Ordu Şehir Hastanesi'nin güvenlik görevlisi alımlarında ortaya çıkan bir detay, sosyal medyada adeta infial yarattı. Sağlık Bakanlığı'nın noter huzurunda gerçekleştirdiği kura çekiminde, asil listede yer alan 12 kişiden tam 5'inin 'Güney' soyadını taşıması, kamuoyunda 'torpil mi var?' sorularını gündeme taşıdı.

Sosyal medya kullanıcılarının paylaştığı görsellerde, aynı soyadın bir pozisyonda bu kadar yoğun şekilde yer alması, kura sürecinin şeffaflığına ilişkin ciddi şüpheleri beraberinde getirdi. Özellikle X platformunda çok sayıda kullanıcı, bu durumun “tesadüf” olamayacak kadar dikkat çekici olduğunu savunarak tepki gösterdi.

Sağlık Bakanlığı’nın 12 Kasım’da canlı yayında gerçekleştirdiği işçi alım kurasında, Ordu ili için toplam 500 asil ve yedek aday belirlenmişti. Güvenlik görevlisi kadrosunda ise 122 asil aday arasında aynı soyadının beş kez tekrarlanması, tartışmaları daha da büyüttü.

Torpil İddiaları Gündemde: “Kim Bu Güney Ailesi?”

Memur Birliği Kurucu Başkanı Şakir Artiş de konuya dair yaptığı açıklamada, farklı illerde de benzer soyadı tekrarlarının görüldüğünü söyleyerek kapsamlı bir soruşturma çağrısı yaptı. Artiş, “1 milyon 600 bin başvuru içinden aynı soyadına bu kadar denk gelmek şaşırtıcı. Tüm işçi alımlarının KPSS puanına göre yapılması şart hâline gelmiştir” ifadelerini kullandı.

Kamuoyunda en çok sorulan soru ise şu oldu:

“Peki kim bunlar? Bu 5 kişi hangi siyasetçinin, bürokratın, belediye yöneticisinin akrabası?”

Sosyal medyada dolaşan yorumlarda, isimlerin siyasi bağlantılarının araştırılması gerektiği ifade edilirken, bazı kullanıcılar Ordu’daki yerel siyasi yapı içinde “Güney” soyadının kimlerle ilişkili olduğunu sorgulayan paylaşımlar yaptı.

Bakanlıktan Ses Çıkmadı

Tartışmalar giderek büyürken, Sağlık Bakanlığı tarafından konuya dair henüz resmi bir açıklama yapılmadı. Kamuoyu, kura sürecine ilişkin istatistiksel bir inceleme yapılmasını ve iddiaların aydınlatılmasını bekliyor.
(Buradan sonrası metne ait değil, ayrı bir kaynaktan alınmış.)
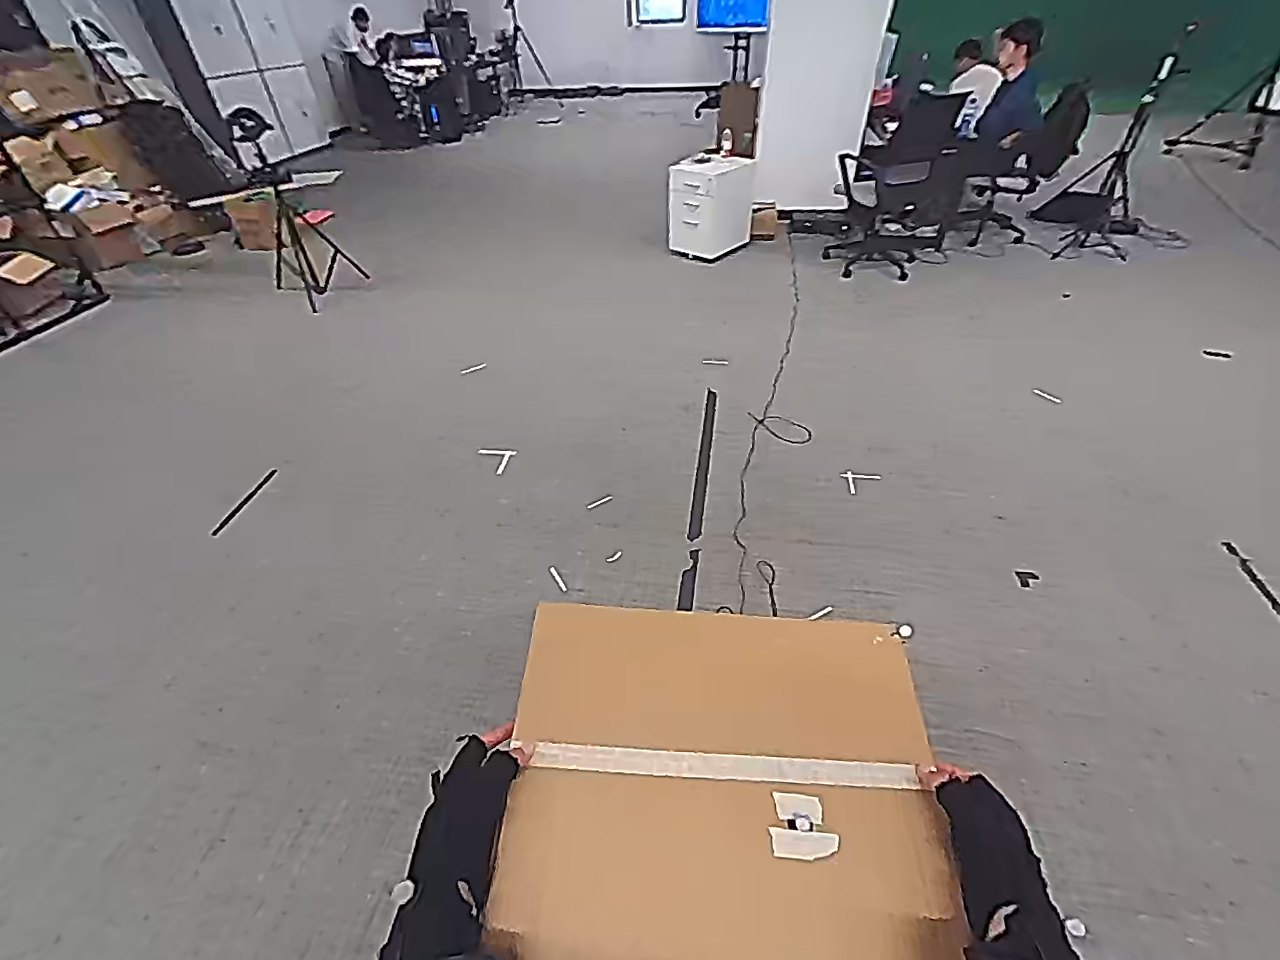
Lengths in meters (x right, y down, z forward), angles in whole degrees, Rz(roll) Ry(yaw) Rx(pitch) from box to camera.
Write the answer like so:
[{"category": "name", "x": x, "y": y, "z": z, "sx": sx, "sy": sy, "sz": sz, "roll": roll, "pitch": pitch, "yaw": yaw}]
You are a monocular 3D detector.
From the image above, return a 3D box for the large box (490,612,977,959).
[{"category": "large box", "x": 0.078, "y": 0.376, "z": 0.638, "sx": 0.408, "sy": 0.320, "sz": 0.320, "roll": 4, "pitch": 51, "yaw": 1}]
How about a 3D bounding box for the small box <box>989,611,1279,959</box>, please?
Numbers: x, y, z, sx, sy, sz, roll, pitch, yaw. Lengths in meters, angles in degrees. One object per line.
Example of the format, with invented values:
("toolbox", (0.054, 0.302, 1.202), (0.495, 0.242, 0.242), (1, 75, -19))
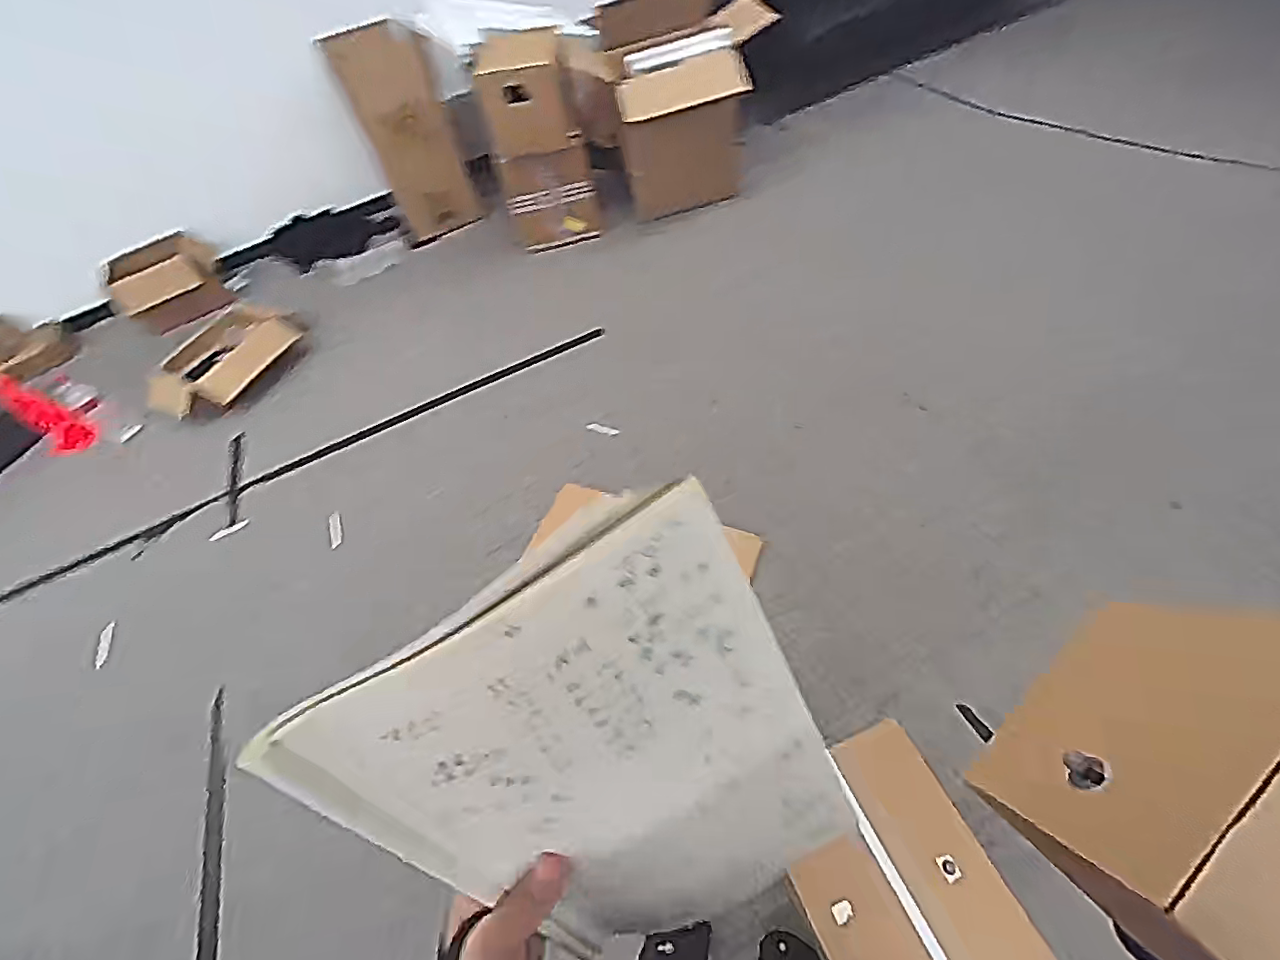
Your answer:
("small box", (0.348, 0.196, 0.309), (0.168, 0.176, 0.179), (42, 83, 7))
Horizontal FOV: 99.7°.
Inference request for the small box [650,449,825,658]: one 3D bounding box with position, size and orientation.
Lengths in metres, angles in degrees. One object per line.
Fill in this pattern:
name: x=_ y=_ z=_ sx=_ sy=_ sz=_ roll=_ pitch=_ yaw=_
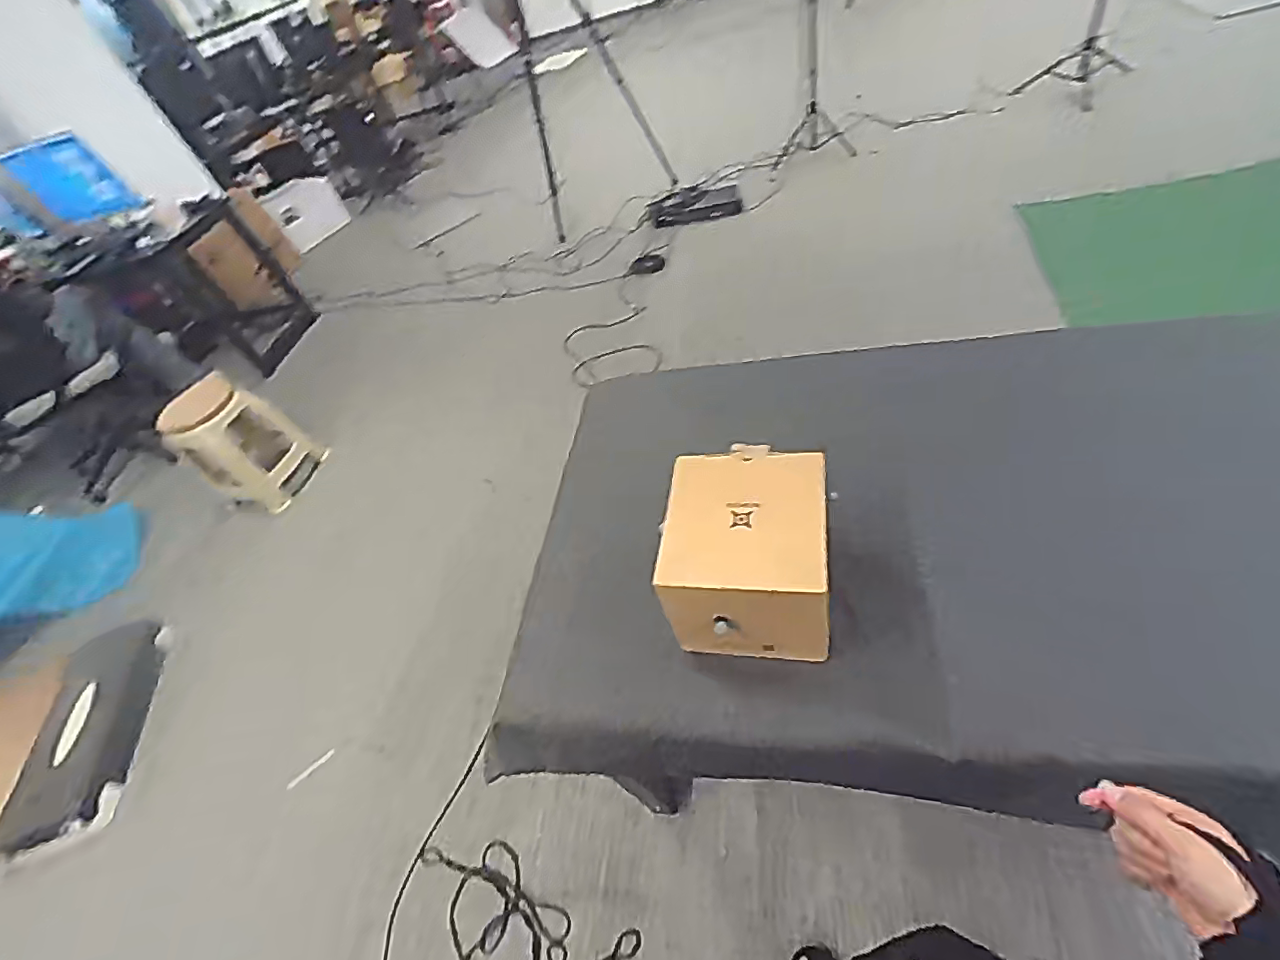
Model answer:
small box: x=0.122 y=0.086 z=0.617 sx=0.168 sy=0.176 sz=0.179 roll=-1 pitch=49 yaw=18
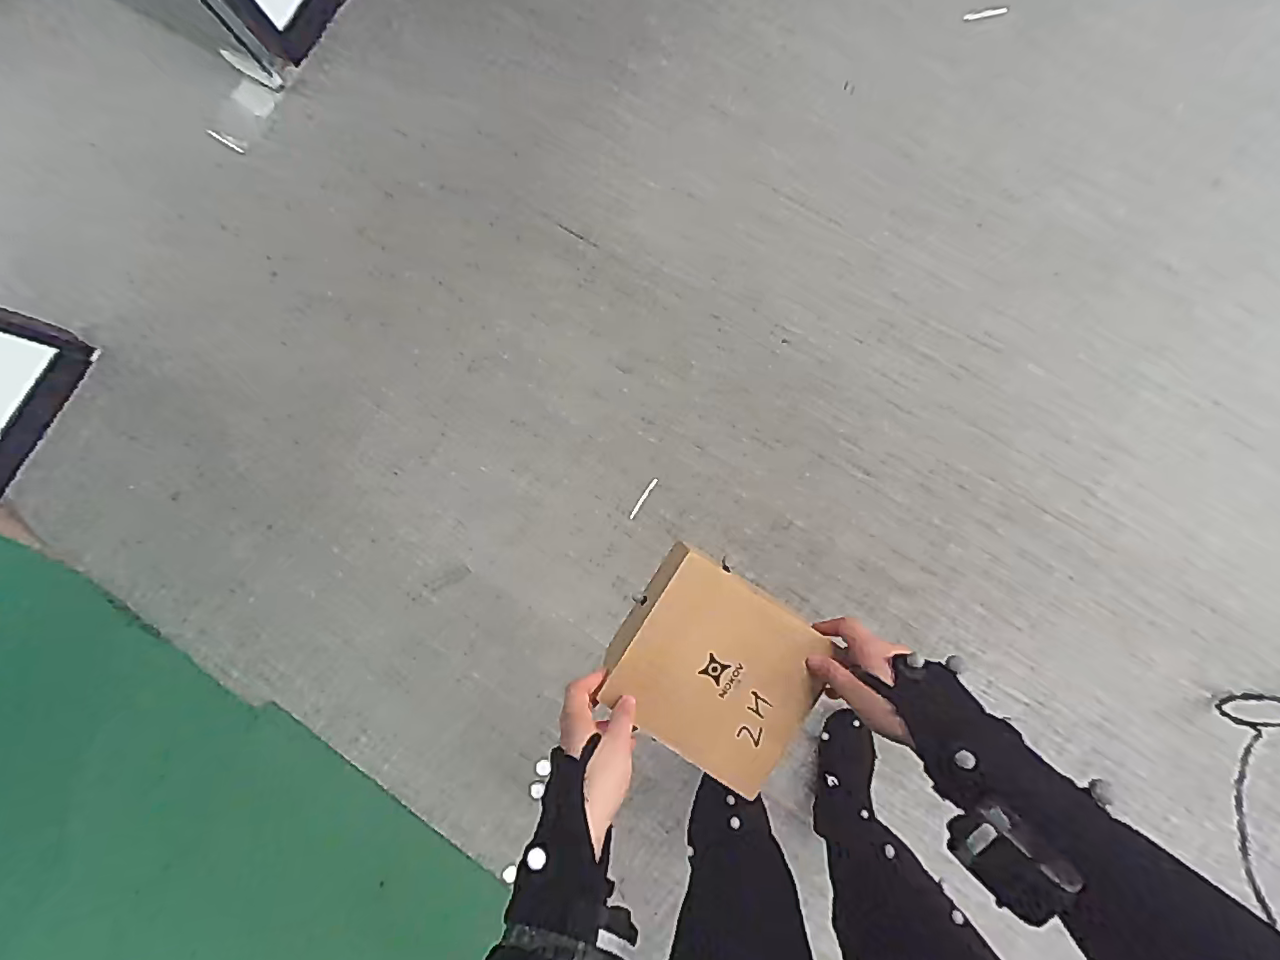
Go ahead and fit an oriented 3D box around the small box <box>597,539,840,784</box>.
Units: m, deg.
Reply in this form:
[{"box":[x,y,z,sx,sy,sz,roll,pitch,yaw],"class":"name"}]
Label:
[{"box":[0.074,0.176,0.589,0.179,0.176,0.168,33,89,2],"class":"small box"}]

Torpil şüpheleri ve aynı soyadının yoğunluğu, kamu görevlisi alımlarında liyakat tartışmalarını bir kez daha gündemin merkezine taşımış durumda. Şimdi Türkiye’nin merak ettiği soru şu:

“Bu kişilerin gerçekten hak ederek mi kazandığı, yoksa birilerinin referansıyla mı listelere girdiği ortaya çıkacak mı?”